GC : Il a utilisé tout l’argent qui restait et a acheté un camion et a chargé ses cadres et leurs familles et tous ceux qu’il pouvait monter, et ils ont roulé vers le sud jusqu’à Busan. S’ils étaient restés à Séoul, ils seraient probablement tous morts. Je ne pense pas que Samsung aurait existé aujourd’hui.

NOUVELLES : Enfin, la misère et l’effusion de sang de la guerre en Corée ont été arrêtées. Espérons bien qu’elle soit terminée.

CH : Une fois la guerre terminée, ils sont remontés dans leurs camions et sont retournés à Séoul… et pour la deuxième fois..

GC : Ils ont entrepris une mission pour reconstruire cette nation stérile qui avait été détruite.

GWS : La guerre de Corée a été très destructrice.

CH : Encore une fois, Gi-Wook Shin, professeur d’études coréennes à Stanford.
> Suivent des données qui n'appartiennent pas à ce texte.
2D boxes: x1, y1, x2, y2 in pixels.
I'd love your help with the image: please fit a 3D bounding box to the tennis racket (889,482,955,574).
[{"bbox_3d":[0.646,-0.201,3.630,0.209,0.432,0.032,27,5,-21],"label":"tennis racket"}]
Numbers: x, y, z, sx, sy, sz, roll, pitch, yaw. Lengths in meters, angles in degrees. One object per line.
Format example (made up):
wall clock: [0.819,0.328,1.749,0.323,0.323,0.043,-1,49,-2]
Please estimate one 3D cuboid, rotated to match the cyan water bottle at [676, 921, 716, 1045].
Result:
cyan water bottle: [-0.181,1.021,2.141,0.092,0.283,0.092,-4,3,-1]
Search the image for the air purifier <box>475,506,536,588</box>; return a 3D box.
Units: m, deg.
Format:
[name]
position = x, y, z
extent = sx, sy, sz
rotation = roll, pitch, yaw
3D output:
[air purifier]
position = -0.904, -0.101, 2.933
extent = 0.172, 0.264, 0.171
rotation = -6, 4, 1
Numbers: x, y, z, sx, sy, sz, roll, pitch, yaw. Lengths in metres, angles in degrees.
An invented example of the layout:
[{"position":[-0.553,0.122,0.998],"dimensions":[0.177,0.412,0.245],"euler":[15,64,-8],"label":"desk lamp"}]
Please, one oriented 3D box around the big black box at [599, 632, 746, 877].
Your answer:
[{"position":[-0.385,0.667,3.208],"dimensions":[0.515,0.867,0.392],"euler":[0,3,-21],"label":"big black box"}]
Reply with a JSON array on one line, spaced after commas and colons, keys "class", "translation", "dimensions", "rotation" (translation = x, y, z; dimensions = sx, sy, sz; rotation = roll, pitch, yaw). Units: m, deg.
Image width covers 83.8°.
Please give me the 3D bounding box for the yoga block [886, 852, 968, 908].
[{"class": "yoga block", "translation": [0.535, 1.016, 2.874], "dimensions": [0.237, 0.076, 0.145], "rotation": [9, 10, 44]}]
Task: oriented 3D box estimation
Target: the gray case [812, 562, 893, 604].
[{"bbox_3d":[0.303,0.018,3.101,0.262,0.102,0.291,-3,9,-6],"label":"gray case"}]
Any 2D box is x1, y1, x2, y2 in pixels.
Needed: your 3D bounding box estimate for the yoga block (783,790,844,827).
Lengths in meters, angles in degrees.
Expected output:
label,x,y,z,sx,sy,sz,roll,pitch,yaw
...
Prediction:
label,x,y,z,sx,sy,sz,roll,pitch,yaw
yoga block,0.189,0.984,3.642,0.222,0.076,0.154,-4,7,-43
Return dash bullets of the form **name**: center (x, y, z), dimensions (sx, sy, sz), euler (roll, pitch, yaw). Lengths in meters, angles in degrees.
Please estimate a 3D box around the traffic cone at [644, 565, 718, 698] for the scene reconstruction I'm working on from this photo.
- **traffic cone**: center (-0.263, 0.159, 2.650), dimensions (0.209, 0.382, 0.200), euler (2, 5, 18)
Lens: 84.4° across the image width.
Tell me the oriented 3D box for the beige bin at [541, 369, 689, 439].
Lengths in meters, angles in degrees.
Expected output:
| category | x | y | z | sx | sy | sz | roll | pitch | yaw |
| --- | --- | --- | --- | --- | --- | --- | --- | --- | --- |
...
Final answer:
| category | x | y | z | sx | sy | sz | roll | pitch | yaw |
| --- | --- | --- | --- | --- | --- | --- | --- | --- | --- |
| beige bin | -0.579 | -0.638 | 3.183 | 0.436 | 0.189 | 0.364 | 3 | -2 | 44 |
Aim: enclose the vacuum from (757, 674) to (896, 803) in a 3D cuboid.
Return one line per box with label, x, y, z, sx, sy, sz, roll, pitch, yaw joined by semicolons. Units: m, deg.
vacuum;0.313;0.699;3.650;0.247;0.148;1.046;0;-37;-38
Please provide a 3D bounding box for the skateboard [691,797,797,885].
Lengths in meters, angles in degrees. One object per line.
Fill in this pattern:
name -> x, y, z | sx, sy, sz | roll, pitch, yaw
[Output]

Il dit que la guerre de Corée a été particulièrement dévastatrice parce que plus de la moitié des près de cinq millions de victimes étaient des civils.

GWS : Cela représente donc environ 10% de la population coréenne à l’époque. Et cela a détruit de nombreuses installations. Y compris en Corée du Nord. Donc, vous savez, les deux Corées ont vraiment dû se reconstruire.

CH : Après la guerre, la Corée du Sud n’avait pratiquement pas de ressources naturelles pour former la base d’une nouvelle économie. Ses perspectives commerciales n’étaient pas bonnes.

CH : Quand la guerre était finie, qu’était Samsung ?

GC : Samsung était une petite société commerciale qui avait perdu la quasi-totalité de son inventaire et n’avait vraiment aucune chance de survivre. Et B.C. Lee en parle, que le seul moyen de sortir de cette situation était pour lui de faire équipe avec le premier président de Corée, qui a décidé que la Corée était, oui, très pauvre, avait de mauvaises perspectives, mais pensait qu’il y avait peut-être un chance de le reconstruire.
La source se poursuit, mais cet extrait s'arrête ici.